Wednesday 24 May, 7pm, Five Leaves Bookshop, Nottingham

Booking essential. Book here

A ghost net is a fishing net, or part of one, that remains in the sea after it has been discarded or lost. Alan Jenkins’s eighth full collection of original poems (and his first for a decade) has netted a haul of painful or poignant moments and memories: places and people recalled vividly, sometimes obsessively, in sorrow and in anger. Central to these are an unnamed woman – or women – and the journalist Marie Colvin, who was killed in Syria in 2012. But the paths and ‘sea-roads’ here beckon us insistently back into a past that is not merely personal: The Ghost Net is haunted by a sense of loss in which, as a reviewer of Jenkins’s New Walk chapbook Tidemarks pointed out, a nation and the way it sees itself are implicated. And the elegiac music so distinctive to this poet is accompanied by the wit, telling detail and powerful directness that make reading him a rare pleasure. 

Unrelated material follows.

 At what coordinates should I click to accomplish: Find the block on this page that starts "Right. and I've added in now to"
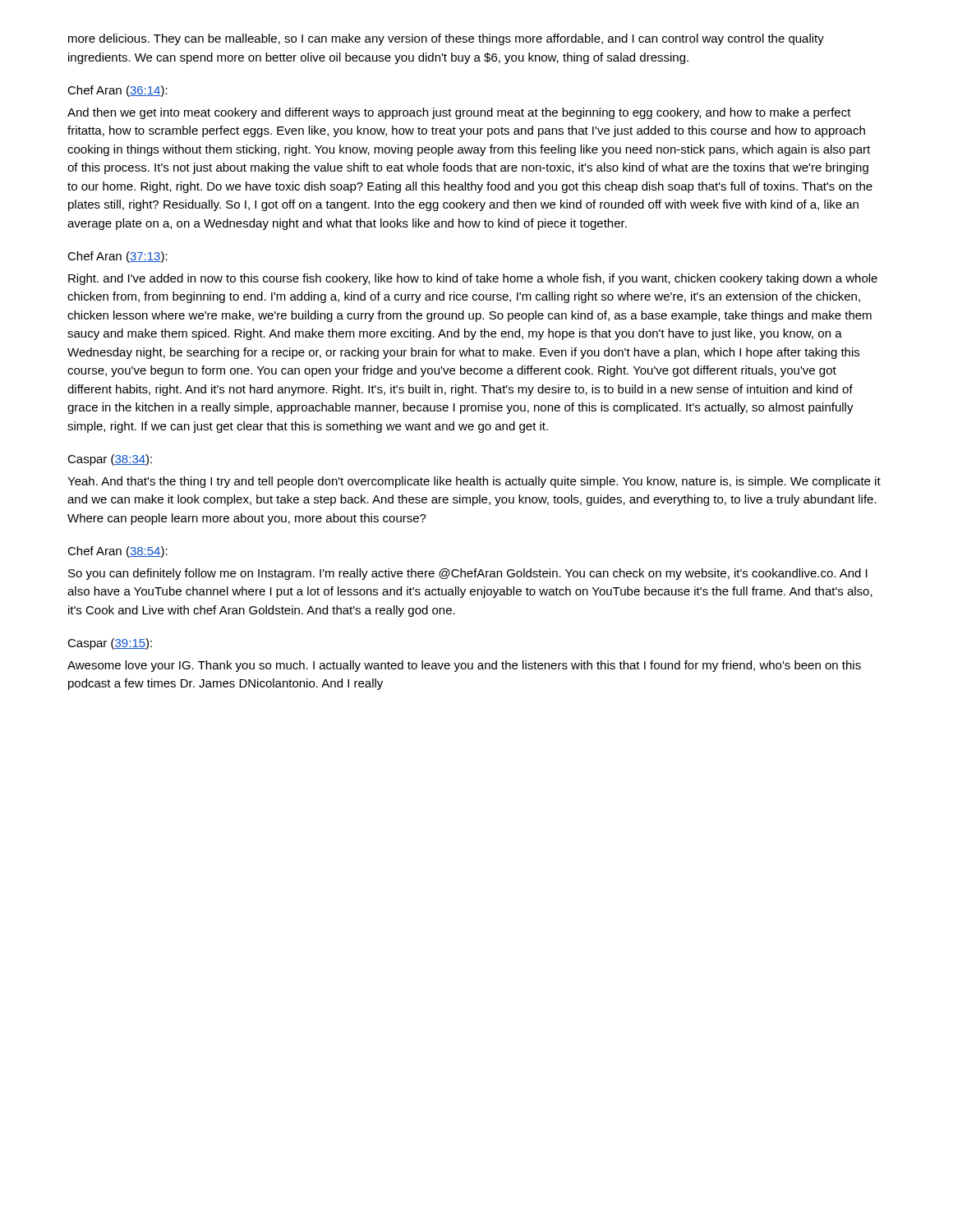[x=474, y=352]

New Walk Editions, edited by Rory Waterman and Nick Everett, has been publishing poetry pamphlets since 2017. Alan Jenkins’ The Ghost Net will be the publisher’s first full-length collection, and is Jenkins’ first book of poems in over a decade. 

Alan Jenkins was born in 1955, and has lived in London for most of his life. He has worked as an editor, reviewer and teacher in England, Europe and the United States, and published several volumes of poetry, among them the Forward Prize-winning Harm (1994), A Shorter Life (2005), Revenants (2013) and Marine (a collaboration with John Kinsella, 2015). New Walk Editions published his chapbook Tidemarks in 2018.

On Alan Jenkins:    

‘Only poetry can ask, answer, possibly even exorcise, the most difficult of life’s questions. All of poetry’s resources must be corralled to do this, and this poet is skilled enough to do it.’ Ellen Cranitch    

‘Jenkins combines extreme technical skill with outspoken expression and intense feeling, and makes each of these conditional on the other two. The outcome is an indivisible whole […] ingenious in execution, free-ranging, devoted to truth.’ Kenneth Cox

Adrian Buckner‘s most recent pamphlet, SeeSaw, was published by Leafe Press. Tuesday Shannon has published poems in PN Review, Wild Court, and elsewhere.

Book for event here.

Book can be pre-ordered here.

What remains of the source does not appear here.